Signal peptides direct the newborn protein into the endoplasmic reticulum. The signal proteins in the CAR are called single-chain variable fragments (scFv), a type of protein known as the fusion protein or the chimeric protein. Fusion proteins are proteins that are formed by combining two or more genes that code initially for different proteins but when they are translated in cells, the translation produces one or more polypeptides with functional properties derived for each of the original genes.

ScFv is a chimeric protein consisting of light and heavy immunoglobin chains that are linked to short linker peptides. The linker consists of a hydrophilic residue with glycine and serine stretches in it for flexibility as well as stretching glutamate and lysine for added solubility.

transmembrane domain

The transmembrane domain is a hydrophobic alpha helix that extends the membrane. The transmembrane domain is essential for overall receptor stability. Currently, the CD28 transmembrane domain is the most stable domain.

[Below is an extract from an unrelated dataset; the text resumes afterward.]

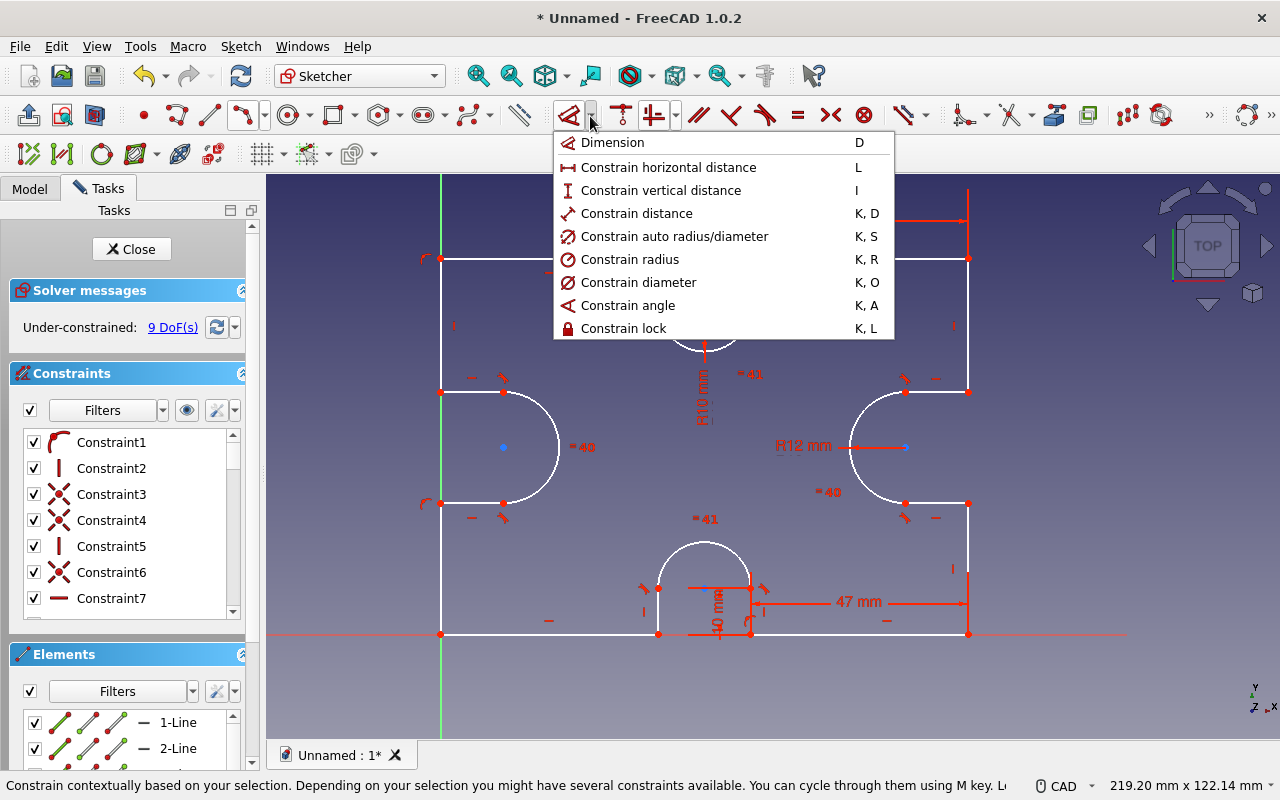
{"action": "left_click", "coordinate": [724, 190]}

In general, transmembrane domains of the most membranous proximal components of endodomain are used. Interestingly, using the CD3-zeta transmembrane domain can result in the incorporation of artificial TCR into the original TCR, a factor that depends on the original transmitted CD3-zeta aspartic acid transmembrane. Different transmembrane domains produce different receptor stability. The CD28 transmembrane domain produces a stable receptor which is otherwise high.

Endodomain

This is the functional end of the receptor. After the introduction of the antigen, the receptors clump and the signals are transmitted to the cell. The most common endodomain component used is CD3-zeta which contains 3 ITAMs. This transmits the activation signal to the T cell after the antigen is bound. CD3-zeta may not provide a fully competent activation signal and co-stimulation signaling is required. For example, CD28 chimeric and OX40 can be used with CD3-Zeta to transmit proliferative/survival signals or all three can be used together.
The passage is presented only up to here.